1 Where Learning Fits Into the Big Picture

We tend to take the ability to learn for granted, perhaps because it is so central to our lives. What we know, how we think about ourselves, and many of the things we do every day reflect what we have learned. The ability to learn and transmit what we have learned to others has done more to shape the course of human history than perhaps any other ability we possess. Thirty thousand years ago our ancestors lived in caves, and it appears from the fossil record that they had the same cranial capacity and presumably the same intellectual capacity as we do (Bolles, 1985). Over the next 30,000 years, we humans learned to farm, domesticate animals, exploit natural resources for minerals, and build structures. We created social systems, governments, religions, cultures, and techniques to preserve and transmit what we learned. The modern, technological, urban society we inhabit is the result of the accumulation and transmission of that knowledge. Much of this accumulated knowledge is passed down to us in books. This is a book about learning, but it is not about learning from books. This is a book about learning from firsthand experience, the way our ancestors first learned to do some of the things we read about in books. We will review some of the ways knowledge can be transmitted between individuals in the last chapter of this book.
Most of what we know how to do and most of the knowledge we use in our daily lives we learned from our parents (or other caregivers), from interactions with our peers, by observing what others do and what happens to them, by direct observation of the relationships between events in our environment, by trial and error, and from the “school of hard knocks.” At an early age we learned to use the “potty” and a language for communication.
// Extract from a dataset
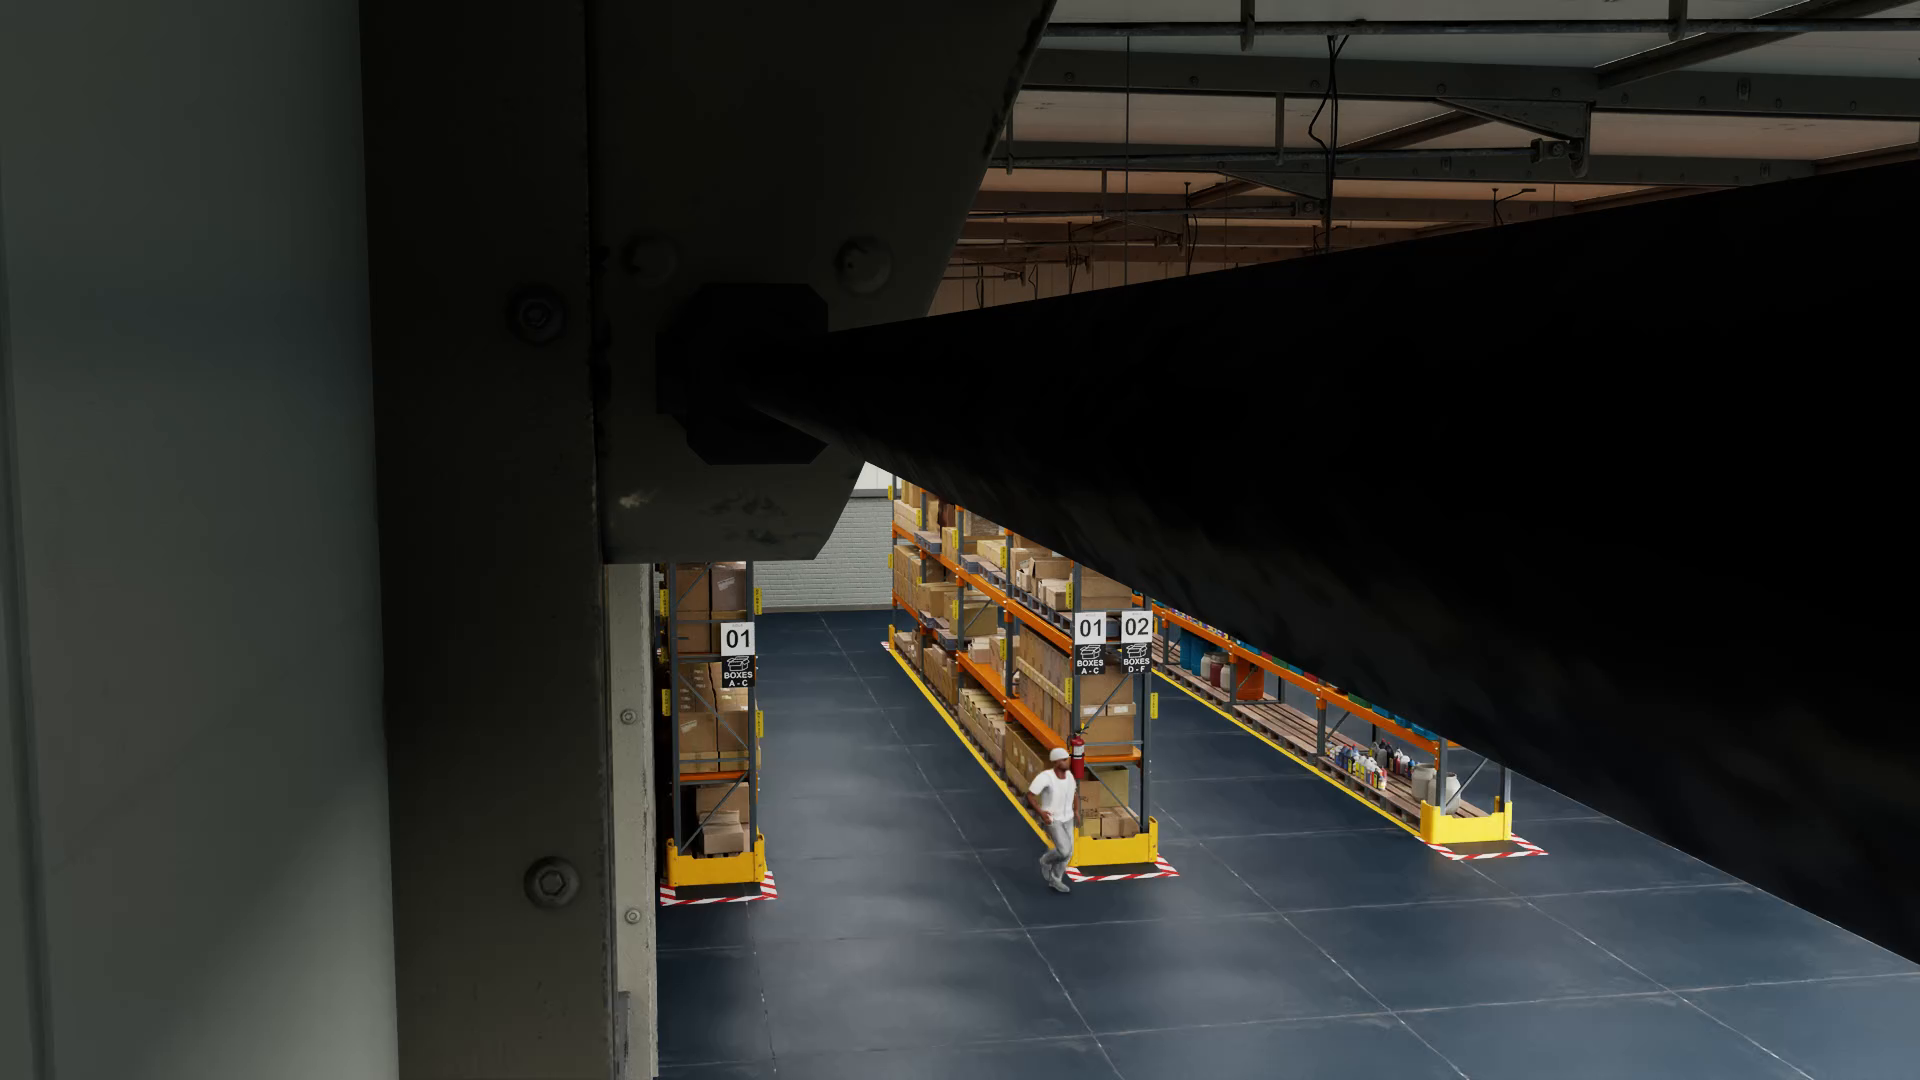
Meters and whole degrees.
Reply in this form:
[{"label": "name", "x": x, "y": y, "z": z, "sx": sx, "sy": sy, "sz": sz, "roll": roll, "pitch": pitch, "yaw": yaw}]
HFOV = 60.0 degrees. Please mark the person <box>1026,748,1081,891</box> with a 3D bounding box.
[{"label": "person", "x": 1.189, "y": 3.338, "z": 19.856, "sx": 0.731, "sy": 1.728, "sz": 0.529, "roll": -5, "pitch": 8, "yaw": -37}]

As we grew older, we learned what is appropriate and inappropriate behavior, proper manners, and social skills. We learned how to ride bicycles and drive automobiles, how to perform at sports and other athletic activities, how to play games, how to win friends and influence people, how to flirt, and how to get out of unpleasant situations. We learned to identify the signs that something good is about to happen and the warning signals of danger. Over time, we developed likes and dislikes and emotional reactions to various things we encounter.
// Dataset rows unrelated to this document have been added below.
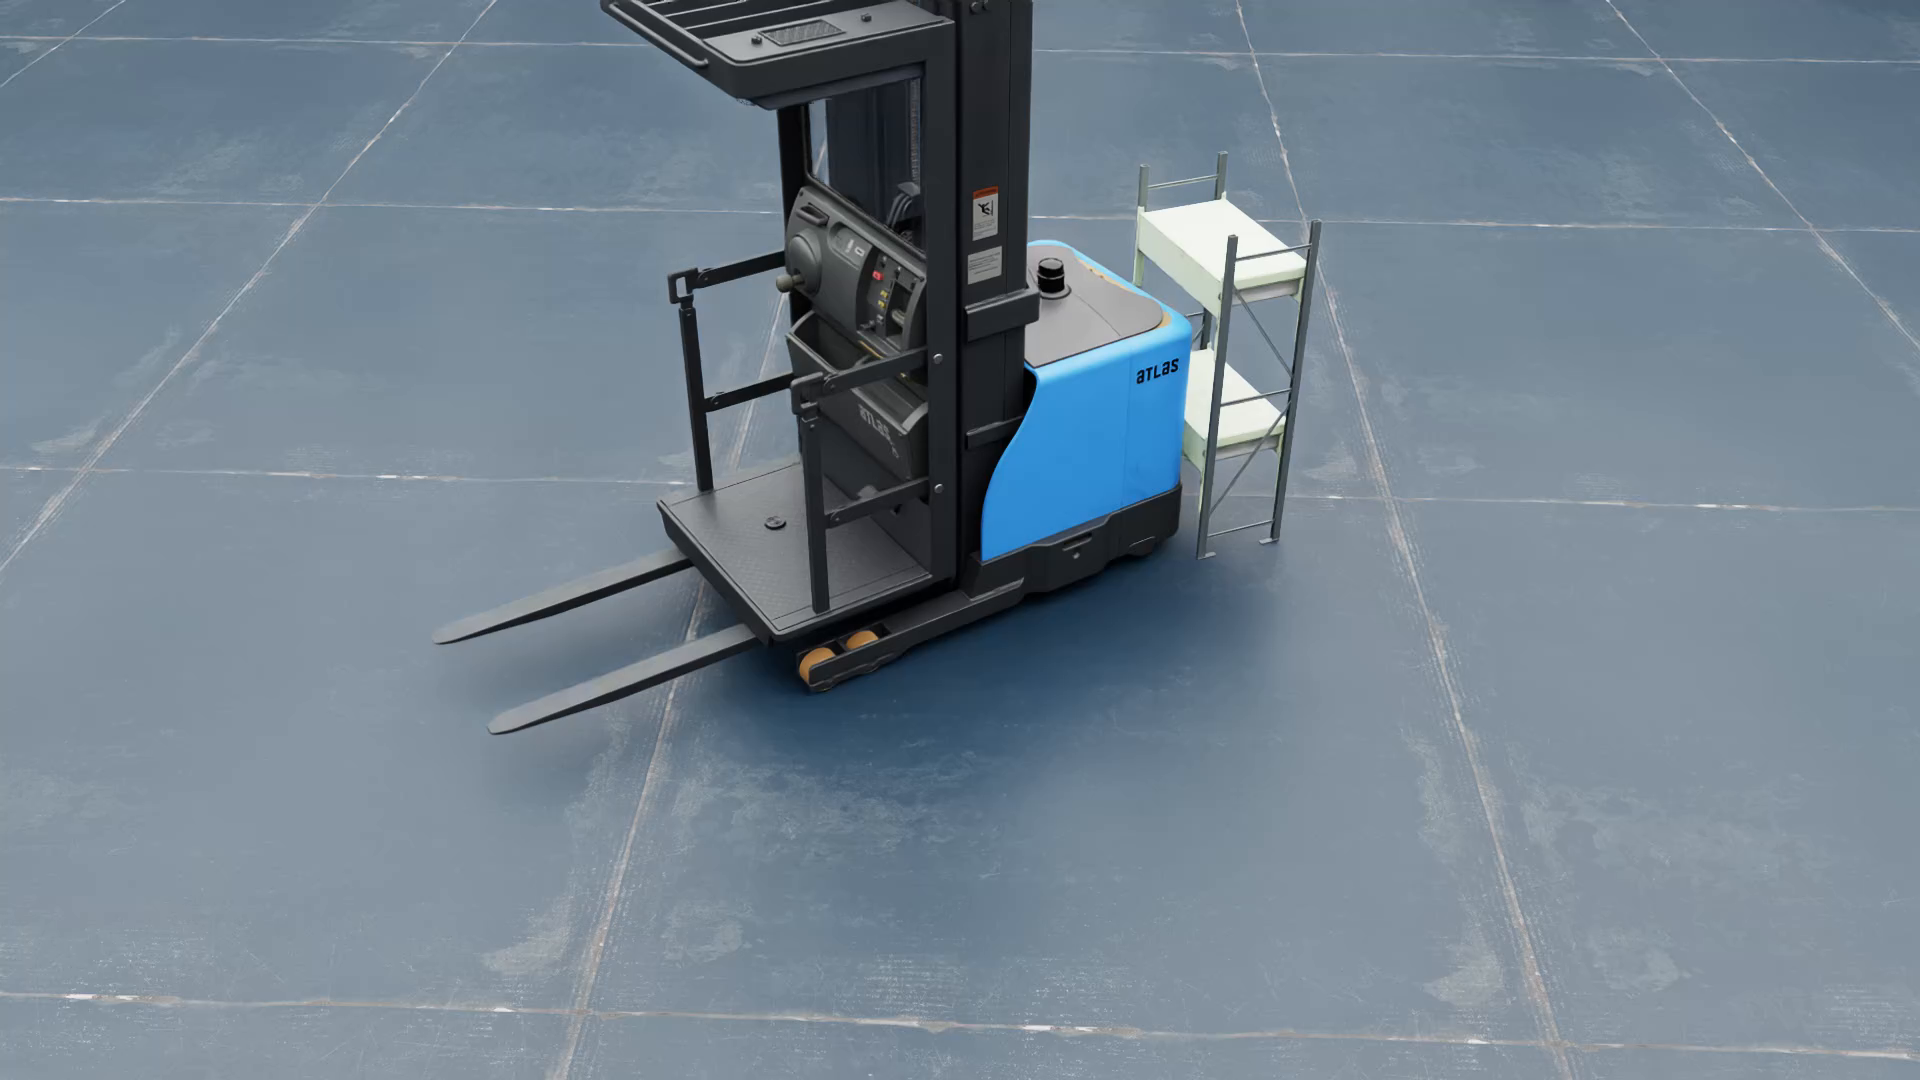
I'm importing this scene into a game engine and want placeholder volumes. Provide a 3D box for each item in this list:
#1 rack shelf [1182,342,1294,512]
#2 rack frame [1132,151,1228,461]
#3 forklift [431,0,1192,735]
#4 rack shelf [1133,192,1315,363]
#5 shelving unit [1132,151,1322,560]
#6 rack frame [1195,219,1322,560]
[{"bbox_3d":[1.065,-0.503,7.229,0.431,0.370,0.720,-13,37,-18],"label":"rack shelf"},{"bbox_3d":[0.929,-0.965,7.319,0.400,1.500,0.023,-13,37,-18],"label":"rack frame"},{"bbox_3d":[-0.569,-0.964,6.072,3.031,2.935,1.130,-20,40,-26],"label":"forklift"},{"bbox_3d":[1.065,-1.089,6.817,0.431,0.370,0.720,-13,37,-18],"label":"rack shelf"},{"bbox_3d":[1.065,-0.770,7.041,0.431,1.500,0.755,-13,37,-18],"label":"shelving unit"},{"bbox_3d":[1.201,-0.574,6.763,0.400,1.500,0.023,-13,37,-18],"label":"rack frame"}]

At some point in our lives, we learned that the color of the traffic signal is important: a green light signifies that it is safe to cross the street; a red light signifies that it is not safe. We learned the significance of the traffic signal colors through some combination of verbal instructions (including praise and scolding) and observations of others. What we do when the light is a particular color reflects what we learned.
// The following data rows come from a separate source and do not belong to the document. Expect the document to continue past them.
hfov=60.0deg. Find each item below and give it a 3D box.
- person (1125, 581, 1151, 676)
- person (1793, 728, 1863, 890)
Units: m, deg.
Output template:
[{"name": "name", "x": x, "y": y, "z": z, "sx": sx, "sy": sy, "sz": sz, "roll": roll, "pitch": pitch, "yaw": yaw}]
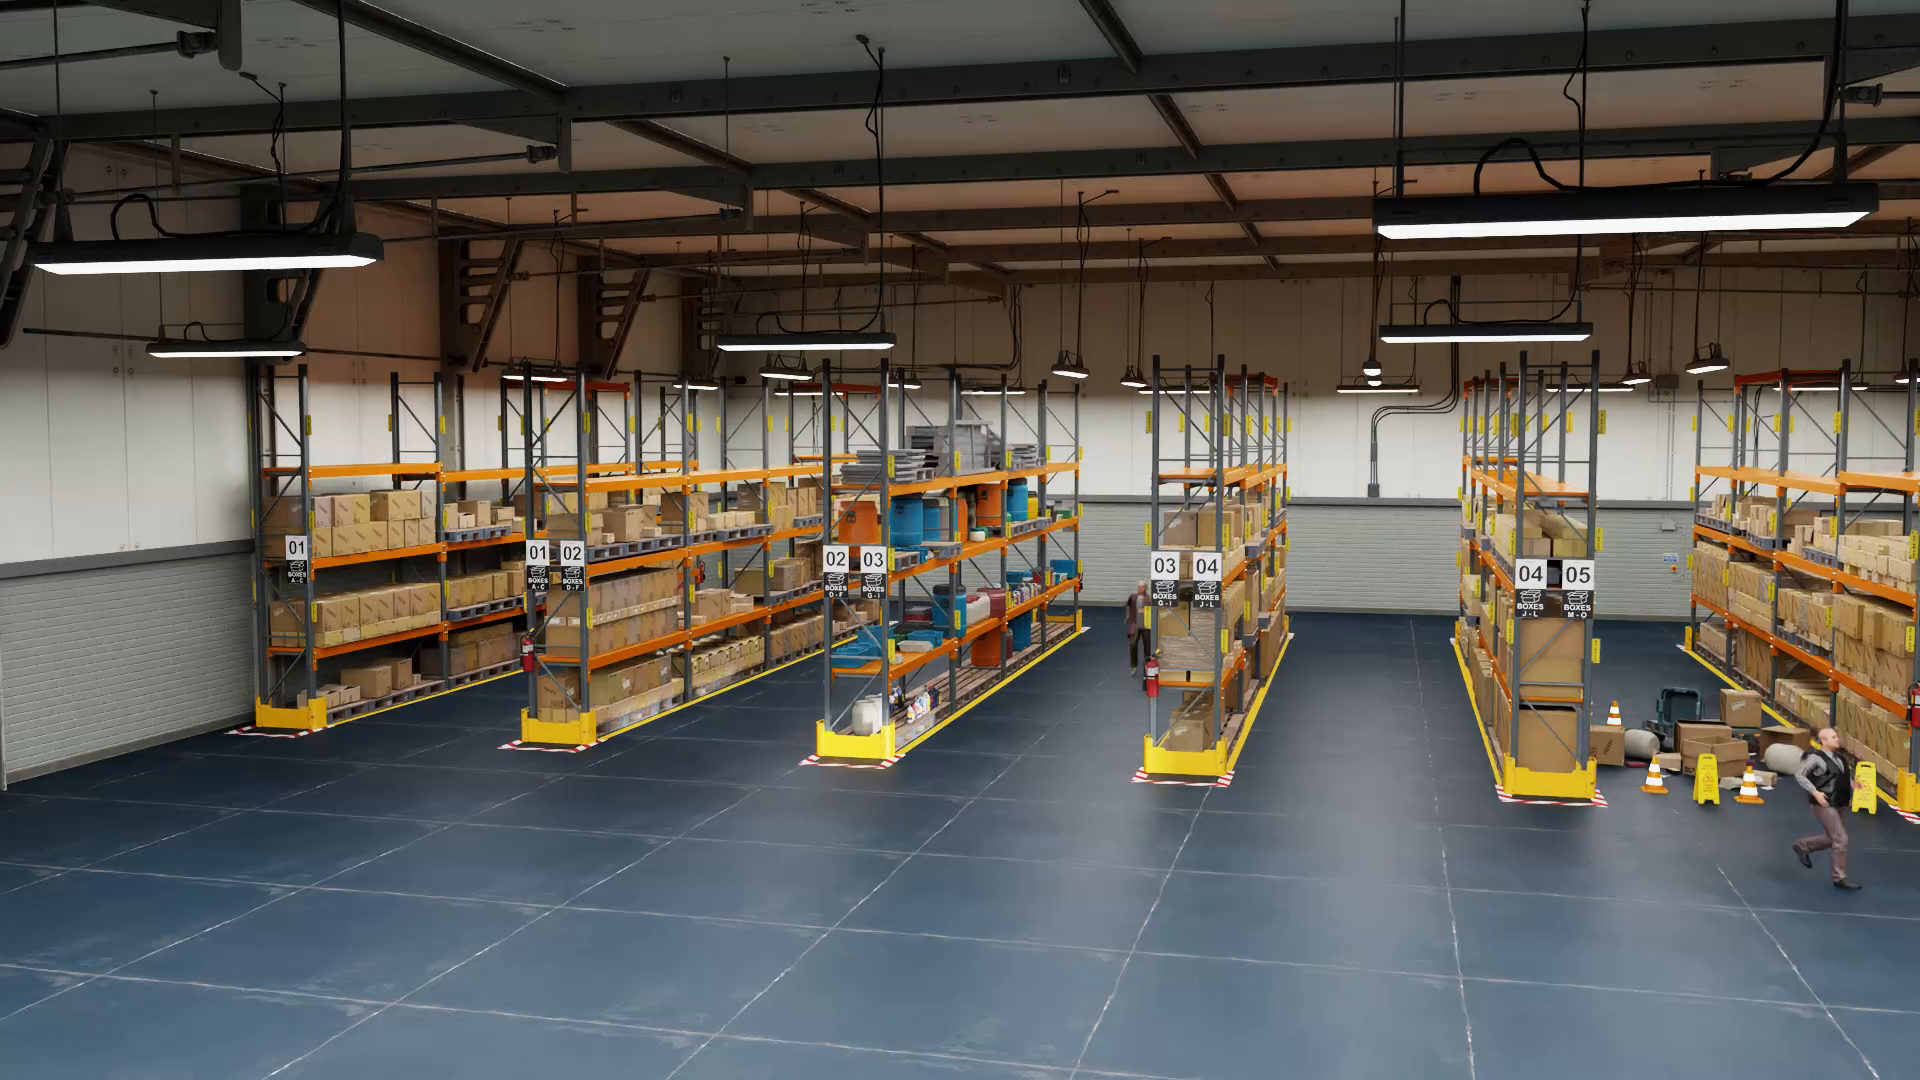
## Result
[{"name": "person", "x": 3.482, "y": 1.723, "z": 31.932, "sx": 0.684, "sy": 1.709, "sz": 0.915, "roll": 1, "pitch": 4, "yaw": 17}, {"name": "person", "x": 9.466, "y": 2.901, "z": 18.155, "sx": 0.669, "sy": 1.697, "sz": 0.875, "roll": -2, "pitch": 5, "yaw": -29}]

There is an important distinction here. Although learning is something individuals do, it is not an observable activity. We can observe what someone experiences and how he or she behaves after that experience. We attribute changes in behavior to the prior experience and infer that these new behaviors are learned behaviors. Learning is the name we give to the psychological process (or processes) by which knowledge is acquired from experience. Learned behavior reflects the acquisition of that knowledge.

What Is Knowledge?

Knowledge is internally stored information about the world and about how to do things. We make a distinction between two types of knowledge: declarative knowledge (knowing that) and procedural knowledge (knowing how).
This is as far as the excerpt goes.